6.2. Simulation of Example Mission

This section shows a simulation of the example shooting mission described in the previous section. A simulator developed in MULTIDRONE project is used. It is based on GAZEBO [23] and the PX4 [24] SITL (Software In The Loop) functionality. GAZEBO is a well-known open source multi-robot simulator. It allows for fast robot prototyping and creation of 3D scenarios. PX4 is an open-source autopilot software, implementing a set of functionalities to fly a drone both manually and autonomously. The SITL is a functionality to use PX4 with GAZEBO, simulating drone’s sensors such as Global Navigation Satellite System (GNSS) and Inertial Measurement Unit (IMU). Our simulator also uses UAV Abstraction Layer (UAL) [25], an open source library to interact with autonomous drones. With this simulator and our tools for media production, it is easy to run and test different examples without flying real drones but using the very same software that would run in the real system.
Recall that the mission consists of two shooting action sequences, one with a drone performing first a lateral shot (SA1) and then a static shot (SA2), and another with two drones performing an orbital shot together (SA3). In the simulation, the shooting target is simulated with a car following a straight road that the drones must track and film. Figure 10 depicts the timeline of the executed mission. Everything starts with the GET_READY event, which makes all drones take off and go to their corresponding waypoints. Then, the START_RACE event triggers both sequences. Finally, after 20 s, the drones come back to the home position and land.
Figure 11 shows Drone 1 doing the lateral shot while Drone 2 and Drone 3 are orbiting around the target. Figure 12 shows Drone 1 doing the static shot while Drone 2 and Drone 3 are still orbiting (The complete simulation can be seen in: https://youtu.be/qRPXTid9dFI.).

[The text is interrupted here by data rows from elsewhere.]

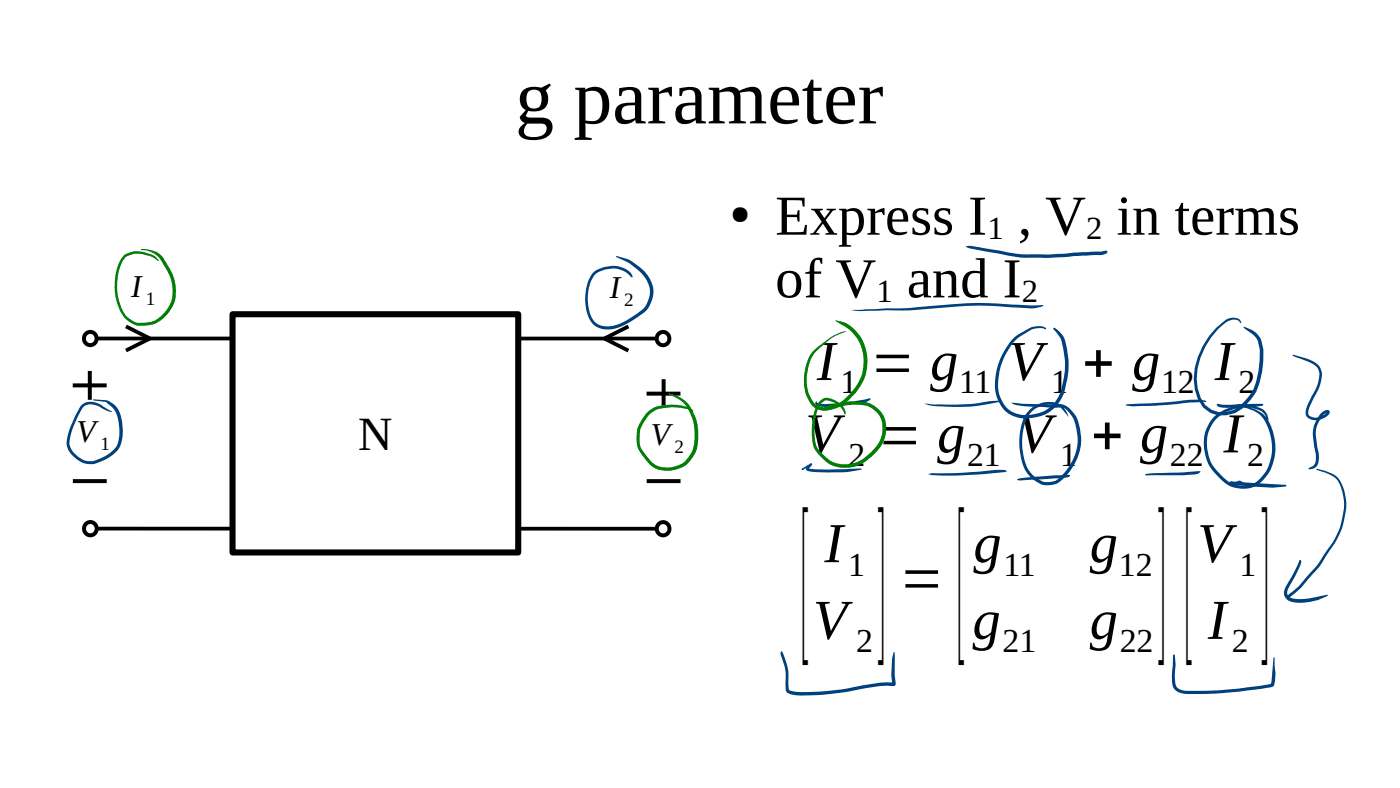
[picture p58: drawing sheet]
<svg xmlns="http://www.w3.org/2000/svg" width="280mm" height="158mm" viewBox="0 0 280 158" stroke-linecap="round" stroke-linejoin="round" font-family="sans-serif">
<defs><g id="words">
<g font-size="31.6">
<text x="160.1" y="126.5">[ ] [</text>
<text x="231.5" y="126.5">][ ]</text>
</g>
<text font-size="15.5" x="103" y="24.7">g parameter</text>
<g font-size="11.3">
<text x="155.1" y="46.9">Express I , V in terms</text>
<text x="155.1" y="59.4">of V and I</text>
<text x="163.4" y="76">I = g</text>
<text x="201.7" y="76">V + g</text>
<text x="242.9" y="76">I</text>
<text x="161.1" y="90.4">V = g</text>
<text x="203.4" y="90.4">V + g</text>
<text x="244.7" y="90.4">I</text>
<text x="164.9" y="112.4">I</text>
<text x="194.7" y="112.4">g</text>
<text x="217.9" y="112.4">g</text>
<text x="239.5" y="112.4">V</text>
<text x="179.9" y="119.1">=</text>
<text x="162.6" y="127.7">V</text>
<text x="194.5" y="127.7">g</text>
<text x="217.9" y="127.7">g</text>
<text x="241.6" y="127.7">I</text>
</g>
<text font-size="9.5" x="71.6" y="89.8">N</text>
<g font-size="6.8">
<text x="168.1" y="78.6">1</text>
<text x="191.8" y="78.6">11</text>
<text x="210.3" y="78.6">1</text>
<text x="232.2" y="78.6">12</text>
<text x="247.7" y="78.6">2</text>
<text x="169.7" y="93.1">2</text>
<text x="193.4" y="93.1">21</text>
<text x="212" y="93.1">1</text>
<text x="234" y="93.1">22</text>
<text x="249.4" y="93.1">2</text>
<text x="169.6" y="115.2">1</text>
<text x="200.7" y="115.2">11</text>
<text x="223.8" y="115.2">12</text>
<text x="247.9" y="115.2">1</text>
<text x="171.2" y="130.3">2</text>
<text x="200.5" y="130.3">21</text>
<text x="223.9" y="130.3">22</text>
<text x="246.3" y="130.3">2</text>
</g>
<g font-size="6.5">
<text x="197.5" y="47.8">1</text>
<text x="217.2" y="47.8">2</text>
<text x="175.3" y="60.3">1</text>
<text x="204.3" y="60.3">2</text>
</g>
<g font-size="6.3">
<text x="26.2" y="59.5">I</text>
<text x="121.9" y="59.7">I</text>
<text x="15.3" y="88.4">V</text>
<text x="130.2" y="88.9">V</text>
</g>
<text font-size="5.1" x="146.1" y="44.3">●</text>
<g font-size="3.8">
<text x="29.2" y="61">1</text>
<text x="124.9" y="61.2">2</text>
<text x="20.1" y="90">1</text>
<text x="134.9" y="90.5">2</text>
</g>
</g></defs>
<circle cx="18" cy="67.7" r="1.29" fill="none" stroke="#000" stroke-width=".79" stroke-linecap="butt"/>
<circle cx="18" cy="105.7" r="1.3" fill="#fff"/>
<circle cx="18" cy="105.7" r="1.3" fill="none" stroke="#000" stroke-width=".79" stroke-linecap="butt"/>
<path d="M25.2 65.2l4.8 2.5-4.8 2.4" fill="none" stroke="#000" stroke-width=".76" stroke-linecap="butt"/>
<g fill="#fff">
<path d="M14 82.9h8v7.9h-8z" fill-rule="evenodd"/>
<circle cx="132.6" cy="67.7" r="1.3"/>
</g>
<circle cx="132.6" cy="67.7" r="1.3" fill="none" stroke="#000" stroke-width=".79" stroke-linecap="butt"/>
<circle cx="132.6" cy="105.7" r="1.3" fill="#fff"/>
<circle cx="132.6" cy="105.7" r="1.3" fill="none" stroke="#000" stroke-width=".79" stroke-linecap="butt"/>
<path d="M128.8 83.3h8.1v8h-8.1z" fill-rule="evenodd" fill="#fff"/>
<path d="M125.7 65.2l-4.8 2.5 4.8 2.4" fill="none" stroke="#000" stroke-width=".76" stroke-linecap="butt"/>
<path d="M19.3 67.7h112M19.3 105.7h112.1" fill="none" stroke="#000" stroke-width=".75" stroke-linecap="butt"/>
<path d="M46.5 62.8h57.1v47.6h-57.1z" fill-rule="evenodd" fill="#fff"/>
<path d="M46.5 62.8h57.1v47.6h-57.1z" fill="none" stroke="#000" stroke-width="1.2" stroke-linecap="butt"/>
<path d="M14.6 77h6.7M18 74.1v5.8M129.3 78.7h6.8M132.7 75.8v5.8M14.6 96.2h6.7M129.3 96.2h6.8" fill="none" stroke="#000" stroke-width=".79" stroke-linecap="butt"/>
<g fill="#004080">
<path d="M193.1 49.3a3.8 3.8 0 0 1 2.5 .1l6.1 1.1 3.2 .3 4.8 .1 5.3-.4 5.2-.2 1-.2 .3 .3a1.77 1.77 0 0 1-1.8 .6l-10 .6-4.4-.1-1.5-.1-3.8-.7a33.9 33.9 0 0 1-6.9-1.4z"/>
<path d="M163.1 80.4l.2-.1 .2 .2 .8 .2a35.1 35.1 0 0 0 7.3-.6l2.3-.5 .2 .2a4.8 4.8 0 0 1-3.2 1l-5.1 .5a3 3 0 0 1-2.7-.6z"/>
<path d="M163.2 80.3l.2 .1-.1 .1-.2-.1z"/>
<path d="M163.1 80.4h.3l-.2 .2z"/>
<path d="M162.1 92.7h.3v.2l-.8 .9v-.2l3.4 .2 7.1-.2 .3 .2-2.6 .5-1.4 .1h-5.2l-1.8-.4a.34 .34 0 0 1-.1-.5z"/>
<path d="M160.4 93.7l1.7-1.1 .3 .2-1.9 1.1h-.2z"/>
<path d="M170.3 61.9l11.6-.3a120.2 120.2 0 0 1 17.8-.9l2.5 .2a32 32 0 0 0 6.4 0l.1 .2-.2 .1a10 10 0 0 1-4.9 .3l-4.7-.3a133.1 133.1 0 0 0-16.9 .8l-10.1 .2z"/>
<path d="M202.3 80.5l8.4 .4h1.9l.2 .2-.1 .2a14.5 14.5 0 0 1-5 0 12 12 0 0 1-5.3-.7z"/>
<path d="M243.3 80.9l.3-.2a10.1 10.1 0 0 0 3.5 .1l5.4-.1 .1 .1v.2a20.6 20.6 0 0 1-5.5 .5l-2.9-.1-.5-.1z"/>
<path d="M203.4 95.9a2.72 2.72 0 0 1 1.9-.5l8.5-.5 .2 .2-.1 .2-.7 .2-2 .1a44 44 0 0 1-7.8 .3z"/>
<path d="M246 96.3l.3-.1 10.8 .7 .2 .1-.1 .2a28.6 28.6 0 0 1-7.5 0l-2.6-.2a1.05 1.05 0 0 1-1.2-.5z"/>
<path d="M246 96.3h1.1l.8-.2 .8 .4-.1 .1-.7-.2-.7 .3-1 .1-.2-.1z"/>
<path d="M184.9 80.7h.4a50.4 50.4 0 0 0 12.5-.5l2.1-.1 .3 .1-2.3 .5a36.4 36.4 0 0 1-12.4 .2z"/>
<path d="M225.2 80.9l.1-.1 1.2-.1a103 103 0 0 0 11.5-.8h.6a5 5 0 0 1 2.7 .3l-.1 .1-2.9 .1a106 106 0 0 1-11.6 .8z"/>
<path d="M185.7 94.7l.5-.1a97.1 97.1 0 0 0 13.1-.7h1.4l.7 .3a76.9 76.9 0 0 1-15.3 .7z"/>
<path d="M229 94.8l10.6-.6 .5 .1-.6 .4-2.8 .3h-7.3l-.4-.1z"/>
<path d="M258.6 70.9l2.8 .8a3.8 3.8 0 0 1 2.9 2.7 7.6 7.6 0 0 1-1.2 4.5l-1.1 2.3a2.24 2.24 0 0 0-.3 1.7 2.53 2.53 0 0 0 3.6-.5l.2 .1a1.77 1.77 0 0 0-1.3 1.1l-.8 1.5-.2 1.1a10.5 10.5 0 0 0 .4 3.8 3.6 3.6 0 0 1-.4 3.3l-.8 .4-.7 .1a1.2 1.2 0 0 1 1-.7l.2-.3a3.3 3.3 0 0 0 .1-2.7 11.1 11.1 0 0 1-.4-4 4.9 4.9 0 0 1 2.7-4.1 .56 .56 0 0 1 .7 .4 .56 .56 0 0 1-.5 .7 2.96 2.96 0 0 1-4.3 0 2.68 2.68 0 0 1 .3-2.2l1.9-3.8 .5-2.5a2.7 2.7 0 0 0-2.1-2.3l-3.2-1.1-.1-.2z"/>
<path d="M263.2 93.8l.2-.1 1.6 .4a4.9 4.9 0 0 1 3.9 4.3 10.8 10.8 0 0 1-.3 6.3l-.7 2-1 2-2.8 4.3-2.4 2.7a19.2 19.2 0 0 1-3.6 3.6l-.5 .4-.2-.3 .6-.8a26 26 0 0 0 4.5-4.6l1.2-1.4 2-3.1a14.2 14.2 0 0 0 2.9-10.3 5.3 5.3 0 0 0-1.9-3.9l-1.3-.7z"/>
<path d="M259.9 112a.4 .4 0 0 1 .4 .2 .4 .4 0 0 1-.1 .4l-1.2 2.5-1.4 2.6a1.3 1.3 0 0 0 0 1.4 1.3 1.3 0 0 0 1.3 .6h.5a21 21 0 0 0 6.1-.8l.1 .1a10.1 10.1 0 0 1-6 1.5 2.51 2.51 0 0 1-2.7-1.5l-.1-.7 .3-.9 1.7-3z"/>
<path d="M234.7 130.9h.2l.2 1.8-.1 2.6 .1 1.2a1.75 1.75 0 0 0 2 1.6 85.9 85.9 0 0 0 16.8-1.3l.4-.2-.1 .1 .5-5.3 .1-.1 .1 .2v1.5a6.8 6.8 0 0 1-.1 4l-.4 .3-1.6 .3a78.7 78.7 0 0 1-16.3 1 2.21 2.21 0 0 1-2.1-2v-1.3z"/>
<path d="M156.2 130.2h.3l.1 .4 .9 2.9 .3 4.4a1.33 1.33 0 0 0 1.2 .3 50.2 50.2 0 0 0 13.7-1.3l4.4-.5h1.6l-.2 .3a14 14 0 0 1 .2-6.2l.1-.2 .1 .3a23.7 23.7 0 0 0 .3 6l-.1 .3-.4 .2h-2.7l-3.2 .5a46.4 46.4 0 0 1-14.3 1.2 1.24 1.24 0 0 1-1.4-.9v-3.7l-1-3.4z"/>
<path d="M16.3 81a3.2 3.2 0 0 1 3.9-.1l2.2 1.4-1.1-.3a6.8 6.8 0 0 0-2.9-1.2 1.95 1.95 0 0 0-2.2 1.3 15.3 15.3 0 0 0-2.3 6.6 4.4 4.4 0 0 0 5.3 3.3 6.4 6.4 0 0 0 4.4-3.5 9.4 9.4 0 0 0-.6-6.3l-.4-.7-1.4-1.1-2.6-.5 .1-.1 2.8 .2a4.7 4.7 0 0 1 2.9 4.3 9 9 0 0 1-.3 4.7 7.2 7.2 0 0 1-4.7 3.5 4.6 4.6 0 0 1-5.2-1.7 3.6 3.6 0 0 1-.7-3.7 21.6 21.6 0 0 1 2.8-6.1z"/>
<path d="M118.6 54.5l1-.7a7.9 7.9 0 0 1 3.7-.6 4.6 4.6 0 0 1 3 1.5l.2 .5v.2h-.3l-.4-.4a4.6 4.6 0 0 0-3.7-1.3l-1.1 .2-.9 .3a3.4 3.4 0 0 0-2.2 2.8 8 8 0 0 0 1.2 7.5 5 5 0 0 0 5.6-.1l2.5-1.5a5 5 0 0 0 1.1-8.3l-.8-.7a12 12 0 0 0-4.2-2.5l-.1-.1 .1-.1a9.7 9.7 0 0 1 7 5.3 5.6 5.6 0 0 1-2.8 6.9 10.5 10.5 0 0 1-6.1 2.5 4 4 0 0 1-4.1-3.7 9.4 9.4 0 0 1 1.3-7.7z"/>
</g>
<g fill="#008000">
<path d="M24.8 51a5.2 5.2 0 0 1 5.2-.2l1 .5 .7 .8-.1 .1-1-.8a8.5 8.5 0 0 0-3.6-.7l-.3 .1a2.86 2.86 0 0 0-2.6 2.4 10.6 10.6 0 0 0 1.4 10.2l.9 .6 1 .5a6.2 6.2 0 0 0 7.1-5.3 8.4 8.4 0 0 0-.9-4.9l-1.5-2.4a4.5 4.5 0 0 0-3.8-1.9l-.1-.1a4.9 4.9 0 0 1 4.5 1.6 10.5 10.5 0 0 1 2.4 7.8 6.6 6.6 0 0 1-8.2 5.6 6.1 6.1 0 0 1-3.6-4.7 10.8 10.8 0 0 1 1.4-9.1z"/>
<path d="M129.5 82.4a5.6 5.6 0 0 1 4.2-1.5 8.6 8.6 0 0 1 4.1 .6l.9 .6-.2 .1-.8-.4a10.5 10.5 0 0 0-6.8 .3 6.3 6.3 0 0 0-2.8 3.6l-.2 1.1a4.7 4.7 0 0 0 1.5 4.5l.4 .4a5.1 5.1 0 0 0 6.8 .8 6.9 6.9 0 0 0 2.1-3 9.5 9.5 0 0 0-2.5-9.4l-2.4-1.3-.1-.1 .1-.1a6.5 6.5 0 0 1 4.3 2.7 10.3 10.3 0 0 1 .7 9.7 6.1 6.1 0 0 1-7.4 2.8 9.1 9.1 0 0 1-4-5 6.7 6.7 0 0 1 1.8-6.1z"/>
<path d="M163.9 80.3a2.11 2.11 0 0 1 2.9-.4 3.8 3.8 0 0 1 2.3 2.2l.1 .6-.2 .2-.3-.6a4.1 4.1 0 0 0-3.7-2.2 3.8 3.8 0 0 0-1.8 3.1 10.6 10.6 0 0 0 .4 6.5 6.7 6.7 0 0 0 4.3 3 6.9 6.9 0 0 0 6.6-2.6 5.7 5.7 0 0 0 1.1-7.4 4.5 4.5 0 0 0-3-1.7 22.4 22.4 0 0 0-7.6 .5l-.2-.1 .1-.1a19.4 19.4 0 0 1 7.8-1 5.5 5.5 0 0 1 3.8 8.4 9.1 9.1 0 0 1-7.6 4.8 7 7 0 0 1-6.4-4.9 11.6 11.6 0 0 1 1.3-8.2z"/>
<path d="M167.2 64a7.5 7.5 0 0 1 6.2 6.8 9.4 9.4 0 0 1-2.2 7.6 8.3 8.3 0 0 1-5.1 3.5 3.7 3.7 0 0 1-4.7-2.5 9.8 9.8 0 0 1 1.3-9.3 17.9 17.9 0 0 1 5.4-3.7l1-.2v.1a11.7 11.7 0 0 0-5.3 3.4 8.6 8.6 0 0 0-2.4 7.6 4.7 4.7 0 0 0 2.4 3.9 5.8 5.8 0 0 0 5.4-1.7 9 9 0 0 0 1.4-12.9l-1.1-1-2.3-1.3z"/>
</g>
<g fill="#004080">
<path d="M202.7 67.6a9.5 9.5 0 0 1 4.5-2.4l1.4 .1 .6 .3 .1 .1-.3 .1a4 4 0 0 0-2.5 0 11.7 11.7 0 0 0-6.9 10.4 5.8 5.8 0 0 0 4.6 6.7 7.1 7.1 0 0 0 7.8-4.3 16.4 16.4 0 0 0 .1-10.9l-1.4-1.9v-.2l.2-.1a4.9 4.9 0 0 1 2.1 2.6 15.6 15.6 0 0 1-.8 11.7 7.5 7.5 0 0 1-6.8 3.8 5.9 5.9 0 0 1-6.3-5.2 13.5 13.5 0 0 1 3.6-10.8z"/>
<path d="M205.9 82a5 5 0 0 1 6.8-.5l.7 1.1 .3 .7-.2-.3a4.5 4.5 0 0 0-7.5-.3 11.1 11.1 0 0 0-1.2 8.7 5.7 5.7 0 0 0 4.4 5 3.5 3.5 0 0 0 3.4-1.6l.9-1.2a10.2 10.2 0 0 0 2-6.1 10.3 10.3 0 0 0-1-4.1l-1-1.3-.6-.6-.7-.3-1.8-.6 .2-.1 1.7 .3a4.9 4.9 0 0 1 3.4 3.6 10.7 10.7 0 0 1-1.8 9.9 5.5 5.5 0 0 1-3.1 2.5 4.3 4.3 0 0 1-4.5-1.3 7.7 7.7 0 0 1-2.3-5.4 11 11 0 0 1 1.5-7.8z"/>
<path d="M243.3 65.5l1.2-1a2.86 2.86 0 0 1 3.2-.8l.6 .8-.2 .1-.3-.4a1.57 1.57 0 0 0-1.5-.3l-1.1 .5a12.2 12.2 0 0 0-3 3 14.5 14.5 0 0 0-2.9 8.4l.3 2 .6 1.8 .9 1.4 1.3 1 1.4 .4 1.4-.1 1.6-.4 1.3-.8a9.1 9.1 0 0 0 3.2-5.3 18.8 18.8 0 0 0 .7-5.8l-.4-1.6a3.1 3.1 0 0 0-1.5-1.9l-1.4-1 .2-.2a5.2 5.2 0 0 1 2.7 1.6l.5 .8a9.5 9.5 0 0 1 .6 4.4l-.4 2.8a10.2 10.2 0 0 1-3.7 6.7 5.9 5.9 0 0 1-7.4 .3 7.2 7.2 0 0 1-2.4-5.8 14.9 14.9 0 0 1 4.5-10.6z"/>
<path d="M242.8 83.3a8.7 8.7 0 0 1 9.6-1.6 2.56 2.56 0 0 1 1.2 1.6l.1 .7-.1 .1-.5-.9a2.54 2.54 0 0 0-1.5-1.3 8.1 8.1 0 0 0-9.2 3 8.3 8.3 0 0 0 2.4 10.6 5.2 5.2 0 0 0 8.4-1.4 10.1 10.1 0 0 0-1.2-11.2l-1.2-.8-3.2-1.2 .1-.2 3.2 1.1a5.8 5.8 0 0 1 3.7 4.5 9.3 9.3 0 0 1-2 9.7 5.9 5.9 0 0 1-8.7-.4 8.7 8.7 0 0 1-1.5-11.9z"/>
</g>
<use href="#words"/>
</svg>

6.3. Integration with Real Drones

After validating the system in simulation, we integrated our tools with custom-built drones to run media production on real outdoor events. Figure 13 shows one of our drones, based on an hexarotor platform (120 cm of diagonal distance) with a Pixhawk 2.1 autopilot running PX4 [24]. The payload consists of an Intel NUC computer, a Here + RTK GNSS, a communication board, and a gimbal with a Blackmagic Micro Cinema camera.
The MULTIDRONE consortium ran some experimental media production in a countryside area near Bothkamp, in the north of Germany. We tested our system in mock-up, outdoor scenarios, implementing missions (e.g., shooting cyclists and rowers) with one to three drones and different shot types. The objective was to demonstrate the integration of the whole system and to explore the artistic possibilities of our tools for media production.
In particular, Figure 14 depicts some snapshots from an experiment where two drones have to shoot a rowing race in a lake. In that experiment, the original shooting mission consists of a lateral shot that runs concurrently with a fly-through followed by a static panoramic. The first shot is performed by one of the drones, which flies parallel to the boats over the yard. The other two shots are carried out by the other drone, which goes over the lake coming through the trees, and then keeps static following the rowers with the camera. In this case, one of the boats carries a GNSS receiver sending their position to the computers on board the drones, so that the gimbal cameras can track them all time as shooting targets. A video showing the whole shooting mission is available online (https://www.youtube.com/watch?v=COay0hZsMzk&feature=youtu.be).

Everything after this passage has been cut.